Playing alongside either Kaleena Mosqueda-Lewis or Kiah Stokes, they had to come up with defensive stops against a quartet featuring three male practice players and former UConn captain Kelly Faris, who was in the area and took part in some drills.

The drill was not just a case of matching up player for player. The four Huskies had to start with at least one foot in the paint and race out to cover the 3-point threats across the court. The team with the ball was asked to pass quickly and make it so at least one of them had an open shot from the perimeter.

Each time Faris or sweet-shooting male practice player Ryan Probst would drain a shot, Auriemma would rip into his players. If they managed to deflect a pass away or force a missed shot and fail to come up with the loose ball, his frustration would only increase.

In the middle of all of this he said of Probst "I didn't know he could shoot." The reality of the matter is that after practice he said that Probst " is the best, he doesn't miss any shots."

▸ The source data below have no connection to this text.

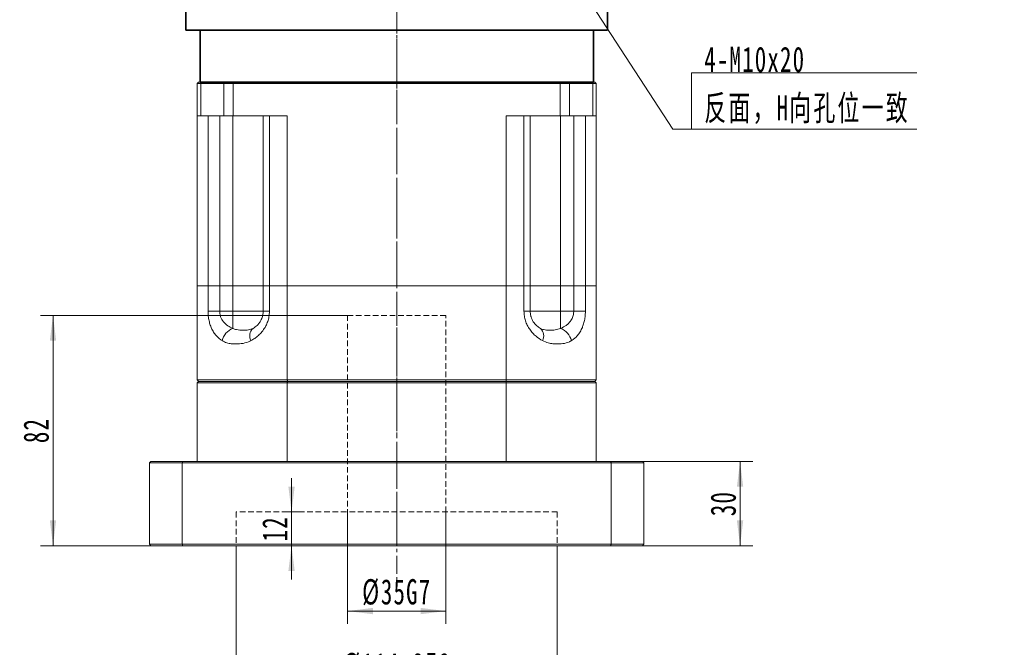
# Model space of a CAD drawing. Header units: millimetres. Extents: x 2861 to 3961, y -283 to 566.
# Tile 3 of 7: x 3097 to 3447, y 16 to 239. Entities that reach past the tile are written whole.
import ezdxf

# ---------------------------------------------------------------- set-up
doc = ezdxf.new("R2010")
doc.units = ezdxf.units.MM
for name, pattern in [('CENTER', [10.16, 6.35, -1.27, 1.27, -1.27]), ('DASHED', [0.75, 0.5, -0.25]), ('点画线', [18, 12, -2, 2, -2])]:
    doc.linetypes.add(name, pattern=pattern)
doc.layers.get('0').update_dxf_attribs({"lineweight": 35})
for name, color, linetype, lineweight in [('3中心线层', 1, 'CENTER', 18), ('4虚线层', 6, 'DASHED', 18), ('EB0', 7, 'Continuous', 35), ('中心线层', 1, '点画线', 18), ('尺寸线层', 3, 'Continuous', 18), ('粗实线层', 7, 'Continuous', 35)]:
    doc.layers.add(name, color=color, linetype=linetype, lineweight=lineweight)
doc.styles.add('标准', font='txt', dxfattribs={"width": 0.667})
doc.dimstyles.new('a4-1-3', dxfattribs={"dimtxt": 9, "dimasz": 9, "dimexe": 4.5, "dimexo": 0, "dimgap": 1.5, "dimtad": 1, "dimdec": 3, "dimdsep": 46, "dimtxsty": '标准', "dimblk": '_CAXARROW', "dimcen": 0, "dimdle": 12, "dimazin": 2, "dimtfac": 0.707107, "dimtdec": 3, "dimtix": 1, "dimtmove": 2, "dimatfit": 3, "dimfxl": 0, "dimfrac": 2, "dimtolj": 1, "dimtzin": 0, "dimarcsym": 0})

# ---------------------------------------------------------------- blocks, each defined once
blk = doc.blocks.new('*X15')
at = {"layer": '尺寸线层', "linetype": 'Continuous'}
blk.add_hatch(color=0, dxfattribs=at).paths.add_polyline_path([(-43.43, 56.55), (-37.58, 49.61), (-39.47, 48.39)], flags=0)
at = {"layer": '尺寸线层', "color": 0, "linetype": 'Continuous'}
blk.add_line((-43.43, 56.55), (-6.72, 0), dxfattribs=at)
at = {"layer": '尺寸线层', "color": 0}
for p, q in [((0, 20.08), (80.2, 20.08)), ((0, 0), (0, 20.08)), ((-6.72, 0), (0, 0)), ((0, 0), (80.2, 0))]:
    blk.add_line(p, q, dxfattribs=at)
at = {"layer": '尺寸线层', "color": 0, "insert": (4.5, 1.8), "char_height": 9, "width": 150.9096, "attachment_point": 7, "line_spacing_factor": 1.15057, "style": '标准'}
blk.add_mtext('\\T1.1;4-M10x20\\P反面，H向孔位一致', dxfattribs=at)
blk = doc.blocks.new('*X45')
at = {"layer": '尺寸线层', "linetype": 'Continuous'}
for points in [[(3353.35, 82.13), (3352.23, 73.13), (3354.48, 73.13)], [(3353.35, 52.13), (3352.23, 61.13), (3354.48, 61.13)]]:
    blk.add_hatch(color=0, dxfattribs=at).paths.add_polyline_path(points, flags=0)
at = {"layer": '尺寸线层', "color": 0, "linetype": 'Continuous'}
for p, q in [((3318.66, 82.13), (3357.85, 82.13)), ((3353.35, 52.13), (3353.35, 82.13)), ((3318.66, 52.13), (3357.85, 52.13))]:
    blk.add_line(p, q, dxfattribs=at)
at = {"layer": '尺寸线层', "color": 0, "insert": (3347.4, 67.13), "char_height": 9, "width": 18, "attachment_point": 5, "rotation": 90, "style": '标准'}
blk.add_mtext('\\T1.1;30', dxfattribs=at)
blk = doc.blocks.new('_CAXARROW')
blk.add_hatch(color=0).paths.add_polyline_path([(0, 0), (-1, 0.125), (-1, -0.125)], flags=0)
blk = doc.blocks.new('*X46')
at = {"layer": '尺寸线层', "linetype": 'Continuous'}
for points in [[(3213.66, 28.86), (3222.66, 29.99), (3222.66, 27.74)], [(3248.66, 28.86), (3239.66, 29.99), (3239.66, 27.74)]]:
    blk.add_hatch(color=0, dxfattribs=at).paths.add_polyline_path(points, flags=0)
at = {"layer": '尺寸线层', "color": 0, "linetype": 'Continuous'}
for p, q in [((3213.66, 64.13), (3213.66, 24.36)), ((3248.66, 64.13), (3248.66, 24.36)), ((3213.66, 28.86), (3248.66, 28.86))]:
    blk.add_line(p, q, dxfattribs=at)
at = {"layer": '尺寸线层', "color": 0, "insert": (3231.16, 35.52), "char_height": 9, "width": 47.9072, "attachment_point": 5, "style": '标准'}
blk.add_mtext('\\T1.1;%%C35G7', dxfattribs=at)
blk = doc.blocks.new('*X47')
at = {"layer": '尺寸线层', "linetype": 'Continuous'}
for points in [[(3174.01, 2.6), (3183.01, 3.73), (3183.01, 1.48)], [(3288.31, 2.6), (3279.31, 3.73), (3279.31, 1.48)]]:
    blk.add_hatch(color=0, dxfattribs=at).paths.add_polyline_path(points, flags=0)
at = {"layer": '尺寸线层', "color": 0, "linetype": 'Continuous'}
for p, q in [((3174.01, 52.13), (3174.01, -1.9)), ((3288.31, 52.13), (3288.31, -1.9)), ((3174.01, 2.6), (3288.31, 2.6))]:
    blk.add_line(p, q, dxfattribs=at)
at = {"layer": '尺寸线层', "color": 0, "insert": (3231.16, 9.23), "char_height": 9, "width": 75.3198, "attachment_point": 5, "style": '标准'}
blk.add_mtext('\\T1.1;%%C114.3F6', dxfattribs=at)
blk = doc.blocks.new('*X48')
at = {"layer": '尺寸线层', "linetype": 'Continuous'}
for points in [[(3193.72, 64.13), (3192.6, 73.13), (3194.85, 73.13)], [(3193.72, 52.13), (3192.6, 43.13), (3194.85, 43.13)]]:
    blk.add_hatch(color=0, dxfattribs=at).paths.add_polyline_path(points, flags=0)
at = {"layer": '尺寸线层', "color": 0, "linetype": 'Continuous'}
for p, q in [((3193.72, 40.13), (3193.72, 76.13)), ((3191.76, 64.13), (3198.22, 64.13)), ((3191.76, 52.13), (3198.22, 52.13))]:
    blk.add_line(p, q, dxfattribs=at)
at = {"layer": '尺寸线层', "color": 0, "insert": (3187.77, 58.13), "char_height": 9, "width": 18, "attachment_point": 5, "rotation": 90, "style": '标准'}
blk.add_mtext('\\T1.1;12', dxfattribs=at)
blk = doc.blocks.new('*X49')
at = {"layer": '尺寸线层', "linetype": 'Continuous'}
for points in [[(3108.83, 134.13), (3107.7, 125.13), (3109.95, 125.13)], [(3108.83, 52.13), (3107.7, 61.13), (3109.95, 61.13)]]:
    blk.add_hatch(color=0, dxfattribs=at).paths.add_polyline_path(points, flags=0)
at = {"layer": '尺寸线层', "color": 0, "linetype": 'Continuous'}
for p, q in [((3213.66, 134.13), (3104.33, 134.13)), ((3108.83, 52.13), (3108.83, 134.13)), ((3143.66, 52.13), (3104.33, 52.13))]:
    blk.add_line(p, q, dxfattribs=at)
at = {"layer": '尺寸线层', "color": 0, "insert": (3102.88, 93.13), "char_height": 9, "width": 18, "attachment_point": 5, "rotation": 90, "style": '标准'}
blk.add_mtext('\\T1.1;82', dxfattribs=at)

msp = doc.modelspace()

# ---------------------------------------------------------------- linework, layer by layer
at = {"color": 7, "linetype": 'Continuous', "lineweight": 15}
for p, q in [((3160.66, 217.1331), (3160.16, 216.633)), ((3160.16, 205.1331), (3160.16, 216.633)), ((3161.41, 216.633), (3160.16, 216.633)), ((3160.66, 217.1331), (3161.785, 217.1331)), ((3161.785, 217.1331), (3161.41, 216.633)), ((3169.6463, 216.633), (3161.41, 216.633)), ((3161.41, 216.633), (3161.41, 205.1331)), ((3161.785, 217.1331), (3169.977, 217.1331)), ((3169.977, 217.1331), (3169.6463, 216.633)), ((3169.6463, 205.1331), (3169.6463, 216.633)), ((3172.9534, 216.633), (3169.6463, 216.633)), ((3169.977, 217.1331), (3172.9534, 217.1331)), ((3172.9534, 217.1331), (3289.3665, 217.1331)), ((3172.9534, 217.1331), (3172.9534, 216.633)), ((3289.3665, 216.633), (3172.9534, 216.633)), ((3172.9534, 216.633), (3172.9534, 205.1331)), ((3289.3665, 217.1331), (3292.343, 217.1331)), ((3289.3665, 217.1331), (3289.3665, 216.633)), ((3292.6737, 216.633), (3289.3665, 216.633)), ((3289.3665, 205.1331), (3289.3665, 216.633)), ((3292.6737, 216.633), (3292.343, 217.1331)), ((3292.343, 217.1331), (3300.535, 217.1331)), ((3292.6737, 216.633), (3292.6737, 205.1331)), ((3300.91, 216.633), (3292.6737, 216.633)), ((3300.91, 216.633), (3300.535, 217.1331)), ((3300.535, 217.1331), (3301.66, 217.1331)), ((3300.91, 205.1331), (3300.91, 216.633)), ((3302.16, 216.633), (3300.91, 216.633)), ((3302.16, 216.633), (3301.66, 217.1331)), ((3302.16, 216.633), (3302.16, 205.1331)), ((3161.41, 205.1331), (3160.16, 205.1331)), ((3160.16, 144.6331), (3160.16, 205.1331)), ((3169.6463, 205.1331), (3161.41, 205.1331)), ((3164.0089, 144.6331), (3164.0089, 205.1331)), ((3168.154, 205.1331), (3168.154, 144.6331)), ((3172.9534, 205.1331), (3169.6463, 205.1331)), ((3172.8237, 205.1331), (3172.8237, 144.6331)), ((3192.1728, 205.1331), (3172.9534, 205.1331)), ((3183.66, 144.6331), (3183.66, 205.1331)), ((3185.8639, 205.1331), (3185.8639, 144.6331)), ((3192.1728, 205.1331), (3192.1728, 144.6331)), ((3289.3665, 205.1331), (3270.1471, 205.1331)), ((3270.1471, 144.6331), (3270.1471, 205.1331)), ((3276.456, 144.6331), (3276.456, 205.1331)), ((3278.66, 205.1331), (3278.66, 144.6331)), ((3292.6737, 205.1331), (3289.3665, 205.1331)), ((3289.4963, 205.1331), (3289.4963, 144.6331)), ((3300.91, 205.1331), (3292.6737, 205.1331)), ((3294.1659, 144.6331), (3294.1659, 205.1331)), ((3298.3111, 205.1331), (3298.3111, 144.6331)), ((3302.16, 205.1331), (3300.91, 205.1331)), ((3302.16, 205.1331), (3302.16, 144.6331)), ((3164.0089, 144.6331), (3160.16, 144.6331)), ((3160.16, 144.6331), (3160.16, 111.1331)), ((3164.0089, 144.6331), (3160.16, 144.6331)), ((3164.0089, 135.6331), (3164.0089, 144.6331)), ((3164.0089, 144.6331), (3168.154, 144.6331)), ((3168.154, 144.6331), (3164.0089, 144.6331)), ((3168.154, 144.6331), (3168.154, 135.6331)), ((3172.8237, 144.6331), (3168.154, 144.6331)), ((3168.154, 144.6331), (3172.8237, 144.6331)), ((3172.8237, 135.6331), (3172.8237, 144.6331)), ((3183.66, 144.6331), (3172.8237, 144.6331)), ((3172.8237, 144.6331), (3183.66, 144.6331)), ((3183.66, 135.6331), (3183.66, 144.6331)), ((3183.66, 144.6331), (3185.8639, 144.6331)), ((3185.8639, 144.6331), (3183.66, 144.6331)), ((3185.8639, 144.6331), (3185.8639, 135.6331)), ((3192.1728, 144.6331), (3185.8639, 144.6331)), ((3192.1728, 144.6331), (3185.8639, 144.6331)), ((3192.1728, 111.1331), (3192.1728, 144.6331)), ((3270.1471, 144.6331), (3192.1728, 144.6331)), ((3270.1471, 144.6331), (3192.1728, 144.6331)), ((3270.1471, 144.6331), (3270.1471, 111.1331)), ((3276.456, 144.6331), (3270.1471, 144.6331)), ((3276.456, 144.6331), (3270.1471, 144.6331)), ((3276.456, 135.6331), (3276.456, 144.6331)), ((3276.456, 144.6331), (3278.66, 144.6331)), ((3278.66, 144.6331), (3276.456, 144.6331)), ((3278.66, 144.6331), (3278.66, 135.6331)), ((3289.4963, 144.6331), (3278.66, 144.6331)), ((3278.66, 144.6331), (3289.4963, 144.6331)), ((3289.4963, 135.6331), (3289.4963, 144.6331)), ((3294.1659, 144.6331), (3289.4963, 144.6331)), ((3289.4963, 144.6331), (3294.1659, 144.6331)), ((3294.1659, 135.6331), (3294.1659, 144.6331)), ((3294.1659, 144.6331), (3298.3111, 144.6331)), ((3298.3111, 144.6331), (3294.1659, 144.6331)), ((3298.3111, 144.6331), (3298.3111, 135.6331)), ((3302.16, 144.6331), (3298.3111, 144.6331)), ((3302.16, 144.6331), (3298.3111, 144.6331)), ((3302.16, 111.1331), (3302.16, 144.6331)), ((3164.0089, 135.6331), (3168.154, 135.6331)), ((3168.154, 135.6331), (3172.8237, 135.6331)), ((3172.8237, 135.6331), (3183.66, 135.6331)), ((3172.8237, 135.6331), (3172.8237, 129.5011)), ((3185.8639, 135.6331), (3183.66, 135.6331)), ((3276.456, 135.6331), (3278.66, 135.6331)), ((3278.66, 135.6331), (3289.4963, 135.6331)), ((3289.4963, 135.6331), (3289.4963, 129.5011)), ((3289.4963, 135.6331), (3294.1659, 135.6331)), ((3298.3111, 135.6331), (3294.1659, 135.6331)), ((3160.16, 111.1331), (3192.1728, 111.1331)), ((3192.1728, 110.1331), (3160.16, 110.1331)), ((3160.16, 82.133), (3160.16, 110.1331)), ((3192.3013, 110.6331), (3160.66, 110.6331)), ((3160.66, 110.6331), (3192.3013, 110.6331)), ((3192.1728, 111.1331), (3270.1471, 111.1331)), ((3192.1728, 82.133), (3192.1728, 110.1331)), ((3270.1471, 110.1331), (3192.1728, 110.1331)), ((3270.0187, 110.6331), (3192.3013, 110.6331)), ((3192.3013, 110.6331), (3270.0187, 110.6331)), ((3301.66, 110.6331), (3270.0187, 110.6331)), ((3270.0187, 110.6331), (3301.66, 110.6331)), ((3270.1471, 111.1331), (3302.16, 111.1331)), ((3270.1471, 82.133), (3270.1471, 110.1331)), ((3302.16, 110.1331), (3270.1471, 110.1331)), ((3302.16, 82.133), (3302.16, 110.1331)), ((3154.817, 81.6331), (3143.16, 81.6331)), ((3143.16, 81.6331), (3143.16, 52.6331)), ((3143.66, 82.133), (3155.0039, 82.133)), ((3154.817, 52.6331), (3154.817, 81.6331)), ((3307.5029, 81.6331), (3154.817, 81.6331)), ((3155.0039, 82.133), (3307.3161, 82.133)), ((3307.3161, 82.133), (3318.66, 82.133)), ((3307.5029, 81.6331), (3307.5029, 52.6331)), ((3319.16, 81.6331), (3307.5029, 81.6331)), ((3319.16, 52.6331), (3319.16, 81.6331)), ((3143.16, 52.6331), (3154.817, 52.6331)), ((3154.817, 52.6331), (3307.5029, 52.6331)), ((3307.5029, 52.6331), (3319.16, 52.6331)), ((3155.0039, 52.133), (3143.66, 52.133)), ((3307.3161, 52.133), (3155.0039, 52.133)), ((3318.66, 52.133), (3307.3161, 52.133))]:
    msp.add_line(p, q, dxfattribs=at)
for centre, radius, start, end in [((3175.2843, 123.4735), 6.5105, 112.207038, 165.340541), ((3182.4679, 126.7989), 3.6352, 131.984315, 207.487319), ((3279.852, 126.7989), 3.6352, 332.512775, 48.015686), ((3287.0356, 123.4735), 6.5105, 14.659474, 67.793002)]:
    msp.add_arc(centre, radius, start, end, dxfattribs=at)
for points, knots in [([(3168.9857, 125.1211), (3168.3375, 125.5896), (3167.3246, 126.3217), (3166.1798, 127.7819), (3165.4057, 129.1011), (3164.7925, 130.5822), (3164.3472, 132.174), (3164.064, 133.8767), (3164.0272, 135.0477), (3164.0089, 135.6331)], [0, 0, 0, 0, 2.87535003, 4.49339855, 6.11019318, 7.62575647, 9.140182, 10.63867492, 12.13662643, 12.13662643, 12.13662643, 12.13662643]), ([(3168.154, 135.6331), (3168.2004, 135.0455), (3168.2549, 134.3546), (3168.6818, 133.0547), (3169.4597, 131.6944), (3170.9863, 130.327), (3172.2229, 129.7711), (3172.8237, 129.5011)], [0, 0, 0, 0, 1.58288668, 1.86126394, 3.83202637, 6.0832257, 8.20998106, 8.20998106, 8.20998106, 8.20998106]), ([(3185.8639, 135.6331), (3185.8274, 134.9411), (3185.7605, 133.6735), (3185.2725, 131.9147), (3184.7535, 130.6963), (3184.0744, 129.4636), (3183.2148, 128.2448), (3181.9559, 126.9457), (3180.6191, 125.8929), (3179.7018, 125.3784), (3179.2431, 125.1211)], [0, 0, 0, 0, 1.90346265, 3.4872403, 5.07199036, 5.67428425, 7.58473545, 9.49727225, 11.28008057, 13.06388852, 13.06388852, 13.06388852, 13.06388852]), ([(3180.0362, 129.5011), (3180.5297, 129.8143), (3181.2711, 130.2849), (3182.1937, 131.3043), (3182.8789, 132.3245), (3183.3339, 133.4147), (3183.6078, 134.5792), (3183.6399, 135.228), (3183.66, 135.6331)], [0, 0, 0, 0, 2.21348377, 3.32594096, 4.43619248, 5.87429024, 6.47272674, 7.46705315, 7.46705315, 7.46705315, 7.46705315]), ([(3283.0769, 125.1211), (3282.2828, 125.5896), (3281.0419, 126.3217), (3279.5244, 127.7819), (3278.4663, 129.1011), (3277.5994, 130.5822), (3276.9551, 132.174), (3276.5382, 133.8767), (3276.4834, 135.0477), (3276.456, 135.6331)], [0, 0, 0, 0, 3.09457451, 4.83598636, 6.57604871, 8.20716049, 9.83704954, 11.44979115, 13.06194956, 13.06194956, 13.06194956, 13.06194956]), ([(3278.66, 135.6331), (3278.7003, 135.0455), (3278.7476, 134.3546), (3279.1117, 133.0547), (3279.7632, 131.6944), (3280.9707, 130.327), (3281.8544, 129.7711), (3282.2837, 129.5011)], [0, 0, 0, 0, 1.43919666, 1.69230368, 3.48416635, 5.53100915, 7.4647019, 7.4647019, 7.4647019, 7.4647019]), ([(3289.4963, 129.5011), (3290.1851, 129.8143), (3291.2202, 130.2849), (3292.3995, 131.3043), (3293.2473, 132.3245), (3293.7864, 133.4147), (3294.1058, 134.5792), (3294.1428, 135.228), (3294.1659, 135.6331)], [0, 0, 0, 0, 2.43466541, 3.65828581, 4.87947641, 6.46127306, 7.1195092, 8.21319224, 8.21319224, 8.21319224, 8.21319224]), ([(3298.3111, 135.6331), (3298.2865, 134.9411), (3298.2415, 133.6735), (3297.9096, 131.9147), (3297.5496, 130.6963), (3297.0703, 129.4636), (3296.4515, 128.2448), (3295.509, 126.9457), (3294.4676, 125.8929), (3293.7121, 125.3784), (3293.3342, 125.1211)], [0, 0, 0, 0, 1.76880186, 3.24053503, 4.71317204, 5.27285582, 7.04815266, 8.82538622, 10.4820678, 12.13968035, 12.13968035, 12.13968035, 12.13968035]), ([(3172.8237, 129.5011), (3173.2391, 129.334), (3174.473, 128.8375), (3176.4882, 128.7946), (3178.3737, 128.8254), (3179.4776, 129.274), (3180.0362, 129.5011)], [0, 0, 0, 0, 1.24749681, 3.70559341, 5.53544568, 7.41027591, 7.41027591, 7.41027591, 7.41027591]), ([(3282.2837, 129.5011), (3282.6562, 129.334), (3283.7626, 128.8375), (3285.4193, 128.7946), (3287.603, 128.8254), (3288.8601, 129.274), (3289.4963, 129.5011)], [0, 0, 0, 0, 1.2474284, 3.70537927, 5.53512978, 7.40984781, 7.40984781, 7.40984781, 7.40984781]), ([(3179.2431, 125.1211), (3179.1821, 125.0901), (3178.2729, 124.6281), (3176.4509, 124.0651), (3174.1632, 123.8875), (3172.2503, 123.9928), (3170.5859, 124.3001), (3169.5461, 124.8336), (3168.9857, 125.1211)], [0, 0, 0, 0, 0.18420837, 2.74643248, 5.31984955, 7.00092447, 8.68033711, 10.64337142, 10.64337142, 10.64337142, 10.64337142]), ([(3293.3342, 125.1211), (3293.2832, 125.0901), (3292.5226, 124.6281), (3290.9232, 124.0651), (3288.7402, 123.8875), (3286.7682, 123.9928), (3284.959, 124.3001), (3283.736, 124.8336), (3283.0769, 125.1211)], [0, 0, 0, 0, 0.18420907, 2.74644458, 5.31987138, 7.00095458, 8.68037162, 10.64341167, 10.64341167, 10.64341167, 10.64341167])]:
    msp.add_open_spline(points, degree=3, knots=knots, dxfattribs=at)
for points in [[(3160.66, 110.6331), (3160.16, 111.1331)], [(3160.16, 110.1331), (3160.66, 110.6331)], [(3192.1728, 111.1331), (3192.3013, 110.6331)], [(3192.3013, 110.6331), (3192.1728, 110.1331)], [(3270.1471, 111.1331), (3270.0187, 110.6331)], [(3270.0187, 110.6331), (3270.1471, 110.1331)], [(3302.16, 111.1331), (3301.66, 110.6331)], [(3301.66, 110.6331), (3302.16, 110.1331)], [(3143.16, 81.6331), (3143.66, 82.133)], [(3155.0039, 82.133), (3154.817, 81.6331)], [(3307.3161, 82.133), (3307.5029, 81.6331)], [(3318.66, 82.133), (3319.16, 81.6331)], [(3143.16, 52.6331), (3143.66, 52.133)], [(3154.817, 52.6331), (3155.0039, 52.133)], [(3307.5029, 52.6331), (3307.3161, 52.133)], [(3318.66, 52.133), (3319.16, 52.6331)]]:
    msp.add_open_spline(points, degree=1, dxfattribs=at)
at = {"layer": '3中心线层'}
msp.add_line((3231.16, 322.8212), (3231.16, 39.8138), dxfattribs=at)
at = {"layer": '4虚线层', "lineweight": 15, "ltscale": 4}
for p, q in [((3248.66, 134.1331), (3213.66, 134.1331)), ((3213.66, 134.1331), (3213.66, 64.133)), ((3248.66, 64.133), (3248.66, 134.1331)), ((3174.01, 64.133), (3174.01, 52.133)), ((3288.31, 64.133), (3174.01, 64.133)), ((3288.31, 64.133), (3288.31, 52.133))]:
    msp.add_line(p, q, dxfattribs=at)
at = {"layer": 'EB0'}
msp.add_line((3301.16, 217.1331), (3161.16, 217.1331), dxfattribs=at)
at = {"layer": '中心线层'}
msp.add_line((3231.16, 58.4124), (3231.16, 388.6331), dxfattribs=at)
at = {"layer": '粗实线层'}
for p, q in [((3156.16, 235.6331), (3156.16, 385.6331)), ((3306.16, 235.6331), (3306.16, 385.6331)), ((3156.16, 235.6331), (3306.16, 235.6331)), ((3161.16, 217.1331), (3161.16, 235.6331)), ((3301.16, 217.1331), (3301.16, 235.6331))]:
    msp.add_line(p, q, dxfattribs=at)

# ---------------------------------------------------------------- block references
at = {"layer": '尺寸线层'}
msp.add_blockref('*X15', (3336.1138, 200.3883), dxfattribs=at)

# ---------------------------------------------------------------- dimensions: what is measured, and where the dimension line sits
for base, p1, p2, picture, middle in [((3108.83, 134.1331), (3143.66, 52.133), (3213.66, 134.1331), '*X49', (3102.8786, 93.133)), ((3353.3538, 82.133), (3318.66, 52.133), (3318.66, 82.133), '*X45', (3347.4025, 67.133)), ((3193.7215, 64.133), (3191.759, 52.133), (3191.759, 64.133), '*X48', (3187.7701, 58.133))]:
    dim = msp.add_linear_dim(base=base, p1=p1, p2=p2, angle=90, dimstyle='a4-1-3', override={"dimsah": 1, "dimtfill": 1, "dimtzin": 0}, dxfattribs=at)
    dim.commit()
    dim.dimension.update_dxf_attribs({"geometry": picture, "text_midpoint": middle, "dimtype": 160})
for base, p1, p2, text, picture, middle in [((3248.66, 28.8602), (3213.66, 64.133), (3248.66, 64.133), '%%C<>G7', '*X46', (3231.16, 35.5169)), ((3288.31, 2.601), (3174.01, 52.133), (3288.31, 52.133), '%%C<>F6', '*X47', (3231.16, 9.2334))]:
    dim = msp.add_linear_dim(base=base, p1=p1, p2=p2, angle=0, text=text, dimstyle='a4-1-3', override={"dimsah": 1, "dimtfill": 1}, dxfattribs=at)
    dim.commit()
    dim.dimension.update_dxf_attribs({"geometry": picture, "text_midpoint": middle})

doc.saveas('drawing.dxf')

It was no coincidence that his three most vocal players (Morgan Tuck, Moriah Jefferson and Breanna Stewart) were on the baseline and not on the court. Auriemma wanted his young players to learn the value of communicating on the court.

"I think there are opportunities during the season to make a point especially in practice," Auriemma said. "It is not something you necessarily plan for. It is not like 'I am going to there today and I am going to do this.' You have a plan going into practice but today the practice guys were on fire, they were on top of their game.  When they get it going like that, they it is a huge challenge for our guys to get stops. The more they make shots, the harder it is to get stops. The harder it is to get stops, the more I am on them to get stops. It fires up the practice kids to make shots so it just kind of snowballs. One group invariably gets trapped out there and a couple of guys are trapped out there and they are the ones that are constantly giving up buckets so they are the ones that catch the wrath."

After practice Nurse said she understood what Auriemma was trying to accomplish and it is up to her, Williams and Chong to try to learn as much as they can during these practices.

"He always puts us in situations when it seems difficult and you have to do everything perfect just to beat them," Nurse said. "Those are situations you are going to be in at some point in your life and they are things that are going to make us better, force us to do the little things and force us to play the perfect defensive possession."
The upperclassmen have been through all of this before. I wasn't covering the team at the time but I still recall when UConn beat Tennessee in the historic first meeting between the teams back in 1995 and Rebecca Lobo was asked in a television interview what is next for her and the Huskies and she deadpanned "I am going back to being the worst post player in the country." Yes, that was how Auriemma referred to her.

"It is why we play well in big games because we put ourselves in those situations, you have a big game and can't get complacent after that," UConn junior guard Moriah Jefferson said. "You have to play hard through those practices and stay strong.

It is most important to have our guys talk, we are trying to talk. There are times when you are in the heat of the moment, it seems harder than it actually is. At the end of the day, if we just open our mouths we will be better at practice.

"You kind of learn how to grind it out. I am proud of Kia Nurse and Gabby, they really pushed through."

Speaking of Lobo, she is one of the members of the 1994-95 team expected to be on hand when the 1994-95 team is honored at halftime. It is also for Play for Kay game so fans are encouraged to wear pink.


Anonymous Loyal Husky Fan said...

Nice to see the practice players getting a mention in this article. They are truly the unsung heroes and deserve all the pub they can get.